Please don't post slop while complaining about slop.
Exactly. Cursor was the first product used by tons of devs on real codebases. Just the signal "acceptance rate" is huge and can't be easily captured w/ synthetic data.
With so much money and computing from SpaceX, is not so impressive.
& now they're still losing all of their users to Claude Code and Codex.
Why pay for Cursor when I can use GLM 5.1, Kimi K2.6, MiniMax M2.7, Xiaomi MiMo V2.5 Pro and Deepseek v4 for cheap and use whatever harness I want, including Claude Code.
It's not like Cursor harness is the best out there.
And even if I want to edit the code, I don't need to run the agent harness in an IDE.
I won't debate that it turns out none of this mattered when it came to being as successful company though and kinda makes anyone who tried to roll their own instead of fork look a little silly.
How I see this is that its so important to bundle the model with the right tooling.
Like a racecar, having the best engine doesn't help if the rest of the car lacks other winning properties (reliability, aerodynics etc).
So for Cursor, which IMO, they put themself in a strong position by having both a solid IDE __and__ a solid+cost efficient model.
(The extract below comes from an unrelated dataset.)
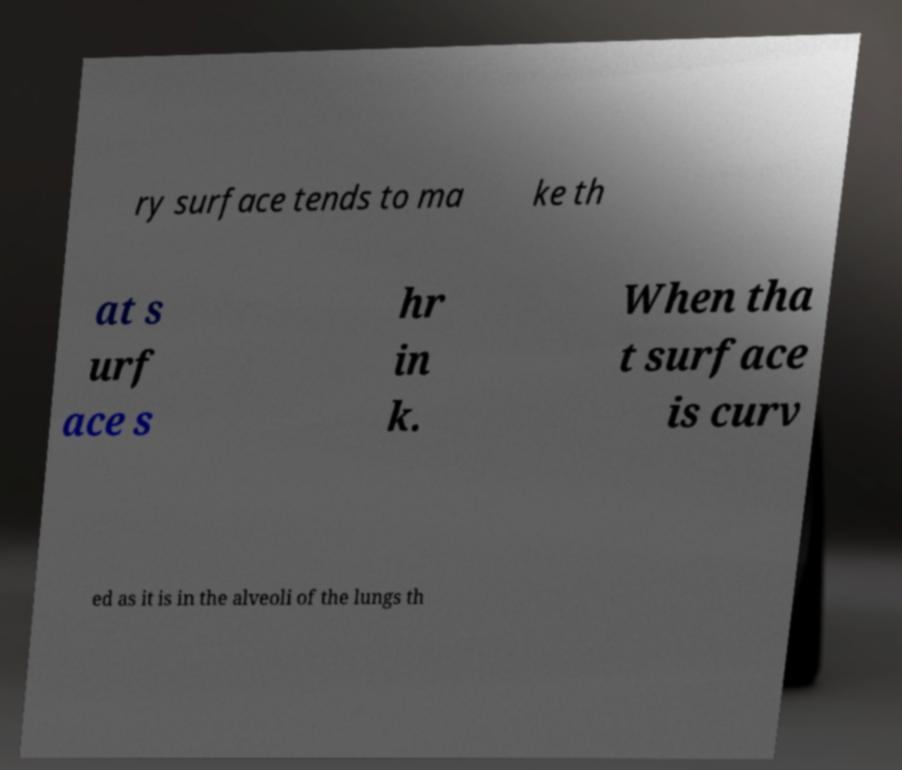Could you assist in decoding the text presented in this image and type it out clearly? ry surface tends to ma ke th at s urf ace s hr in k. When tha t surface is curv ed as it is in the alveoli of the lungs th

Those two working great in combination for the task they are designed to solve (coding) is more important than benchmarks
So now 2.5 is supposed to compete with opus 4.7? Sure…
The fast version of composer is the default now (which costs ~x3 as much).
I think 300 million is too low. For reference before I could do more than 1 billion on same conditions.
There's nothing to mess up. The license is MIT w/ attribution, and the attribution clause can be easily sidestepped w/o any legal repercussions. The "drama" was simply content creators going nuts over some misunderstandings and poor comms from some kimi related devs.
I do wish they weren’t joining xAI. Something tells me there will be a contingent of researchers that departs Cursor if that merger is consummated.
As for the typo, s's are cheap and I've added one :)
That said, I am pretty old-fashioned coder and use LLM mostly to overcome the blank page problem, which means I review and often rewrite LLM output by hand and avoid prompt loops for a single task.
People who are aiming to not read code any more might find this $20 plan lacking for their needs, however for my needs it fits perfectly.